To summarize, both protocols and abstract classes are great ways to define interfaces in Python. The former requires that concrete implementations subclass the interfaces: they define a recipe for how interfaces should be related in a top-down manner. On the other hand, protocols are simply an acknowledgement that duck typing, a cornerstone of the Python language, are all you need to define interfaces. After all, interfaces are really just a way to define public behaviour of classes. Protocols help doing this formally and statically instead of trusting the runtime behaviour of our classes.

Footnotes

  1. As a side note, this is a classic example of premature optimization. As it turns out, we settled on the first optimization algorithm we chose, and only needed to experiment with a couple of problem formulations. There was no need at the time to pre-emptively optimize and generalize the codebase.
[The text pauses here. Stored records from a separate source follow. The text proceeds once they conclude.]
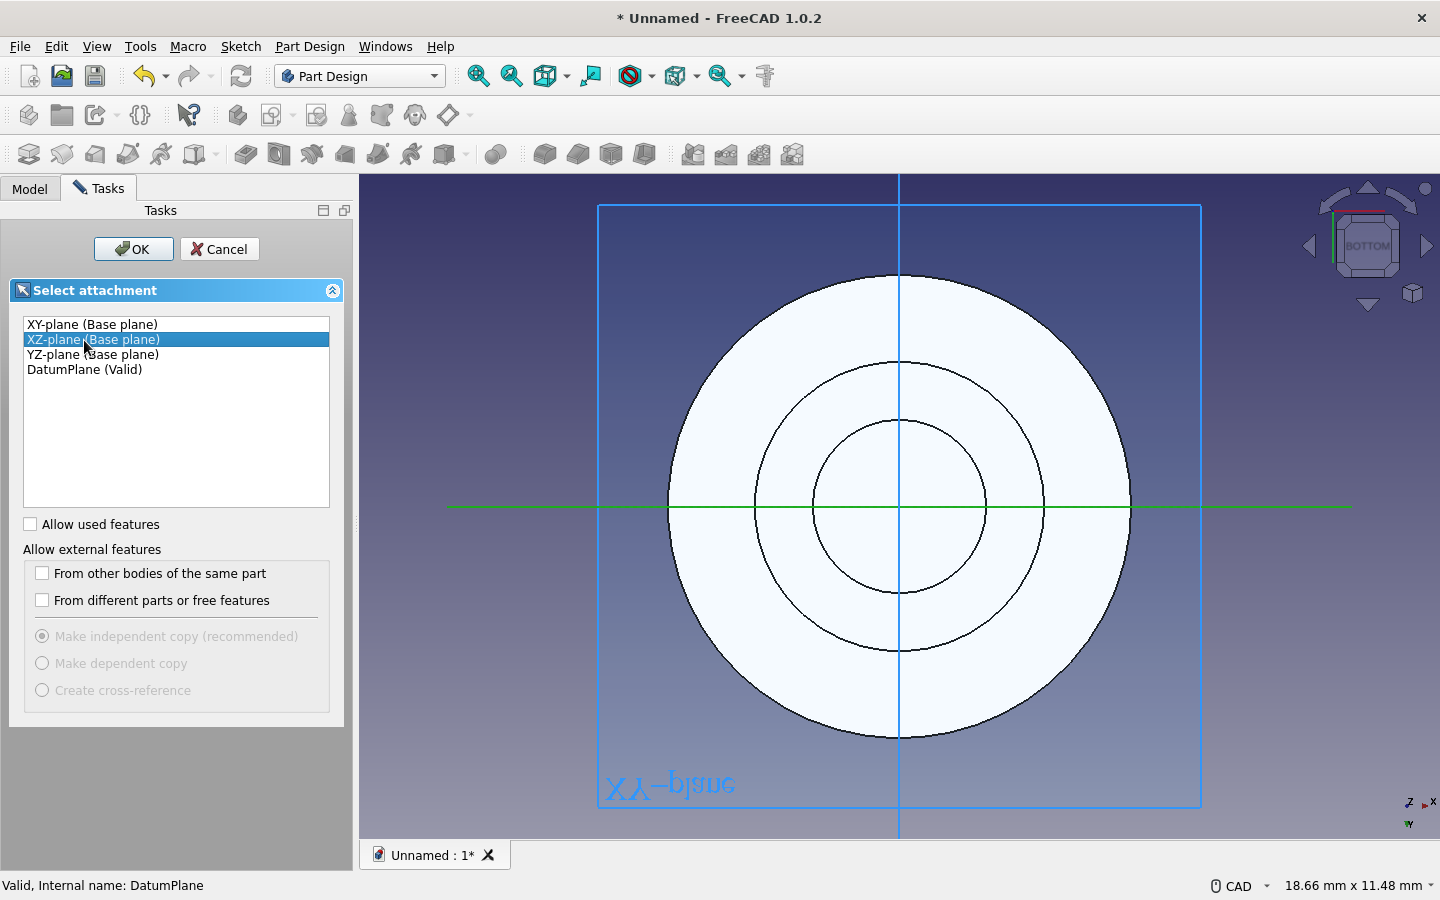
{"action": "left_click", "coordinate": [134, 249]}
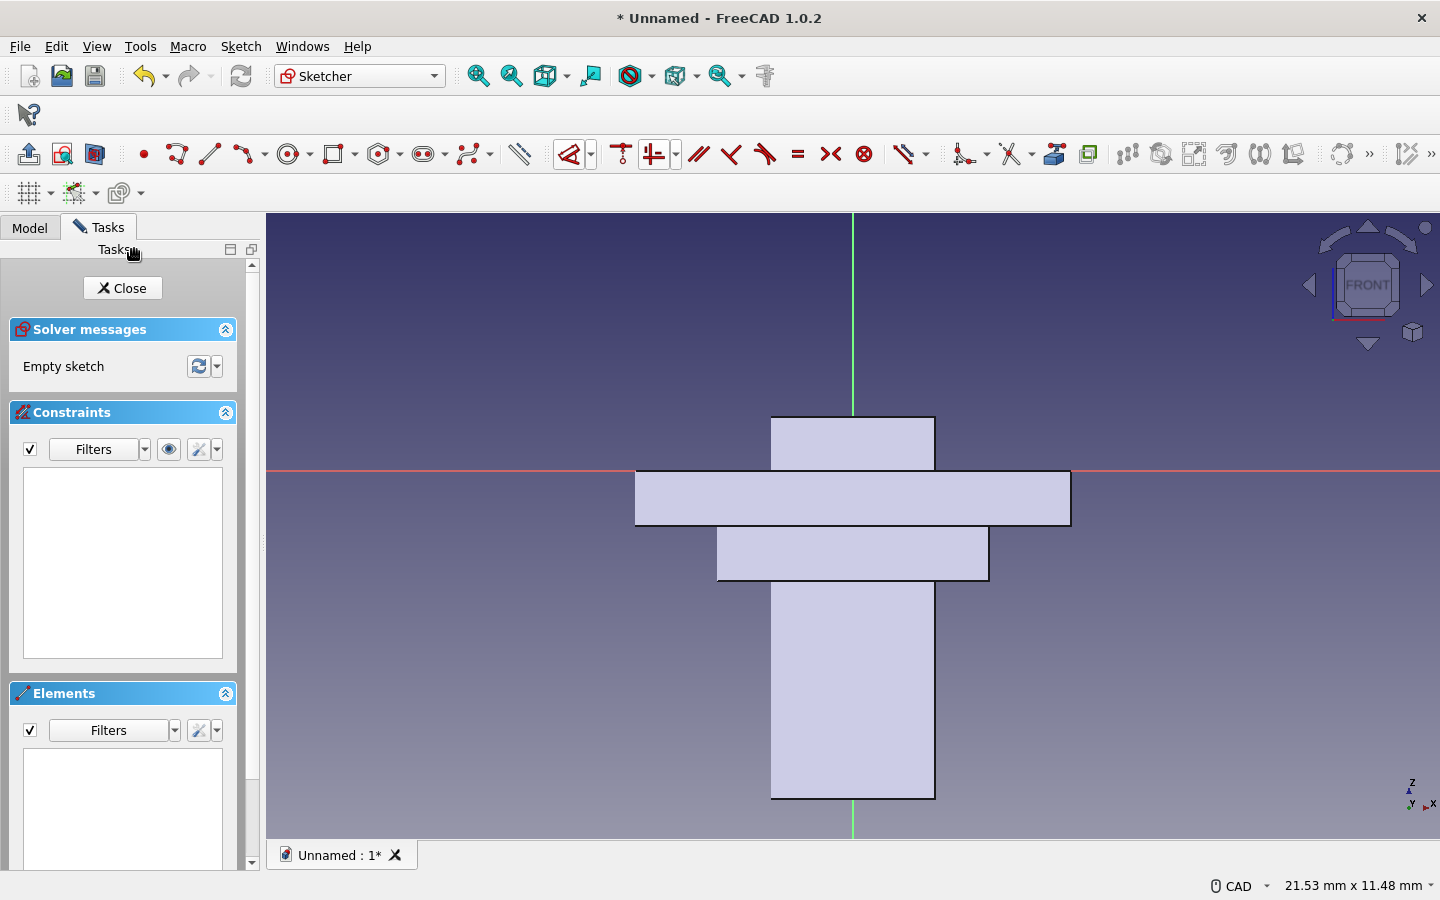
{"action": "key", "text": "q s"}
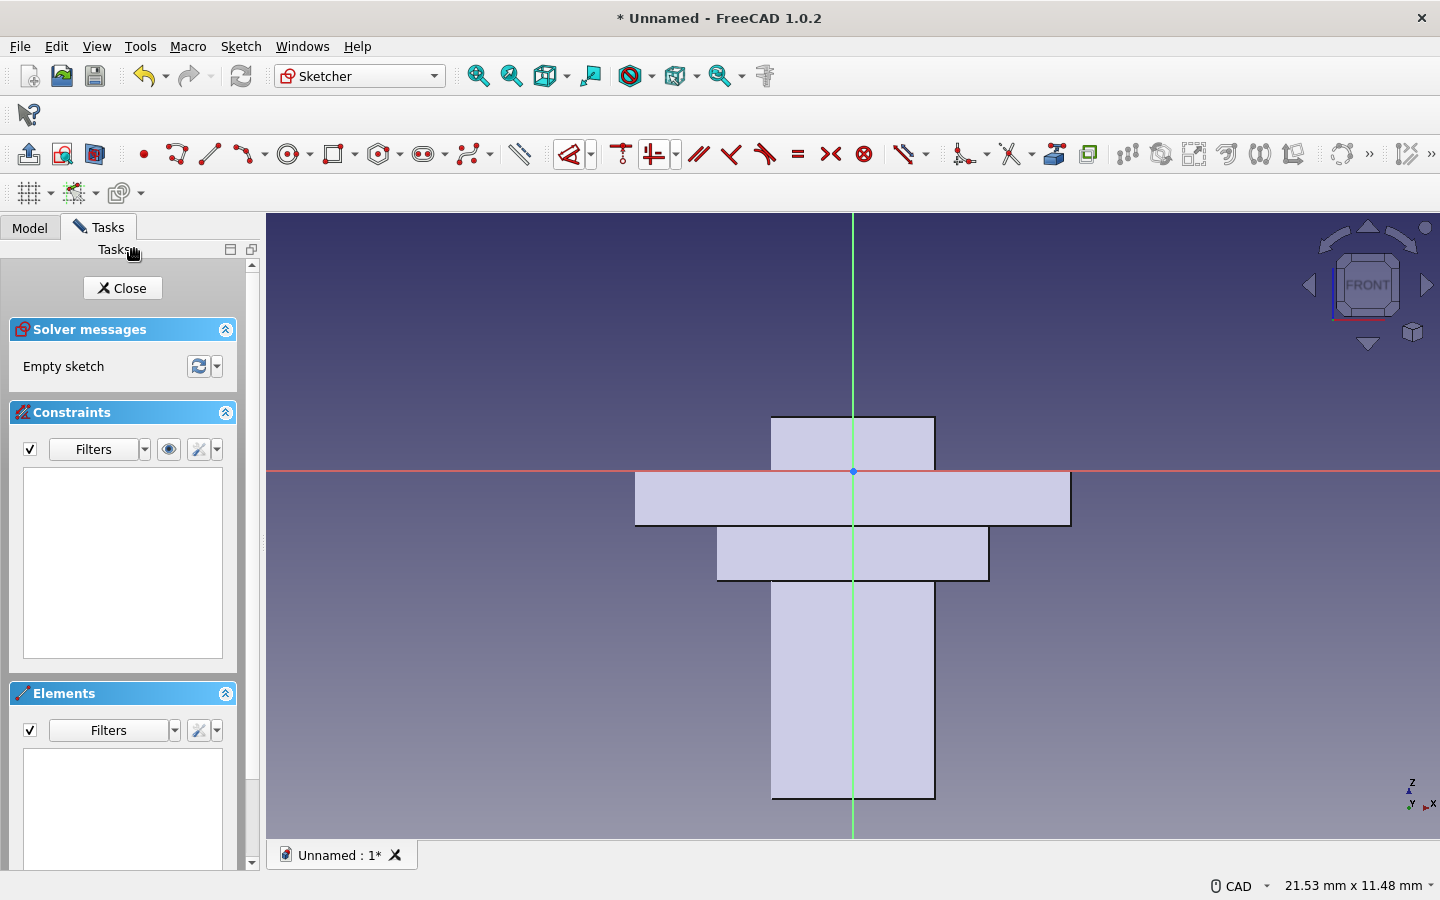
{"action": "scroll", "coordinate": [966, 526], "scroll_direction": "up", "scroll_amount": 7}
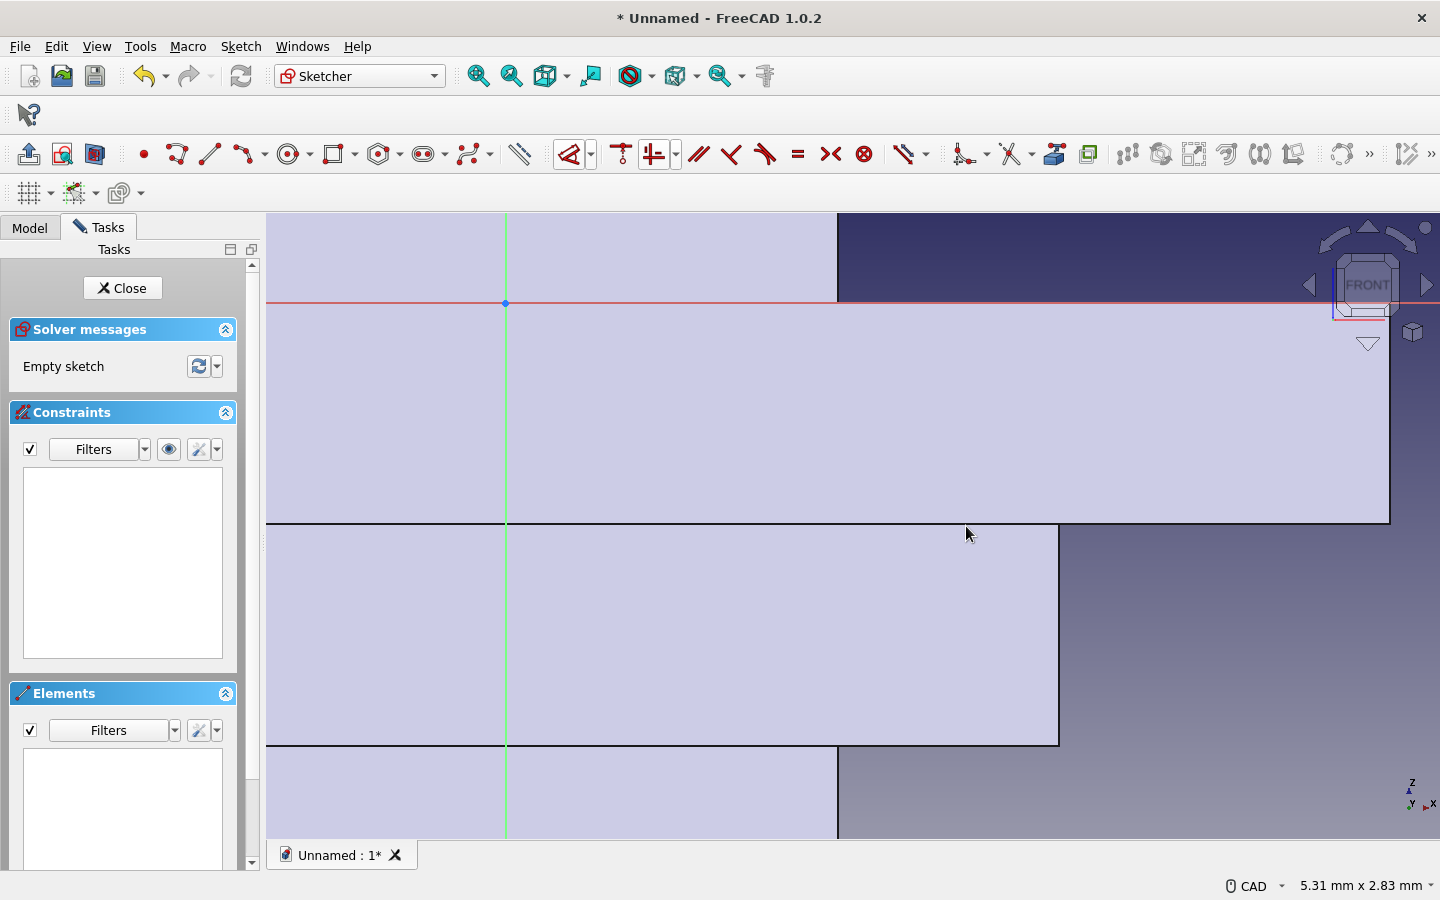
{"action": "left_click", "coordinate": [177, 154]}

  2. Although in this case, the field is more complicated than a simple real vector.

  3. There are some ways to do this with packages, see for example the excellent beartype.

  4. In this situation, you would probably end up creating a subprotocol which would inherit from SupportsMutation, SupportsCrossover, and Protocol to define classes compatible with genetic algorithms.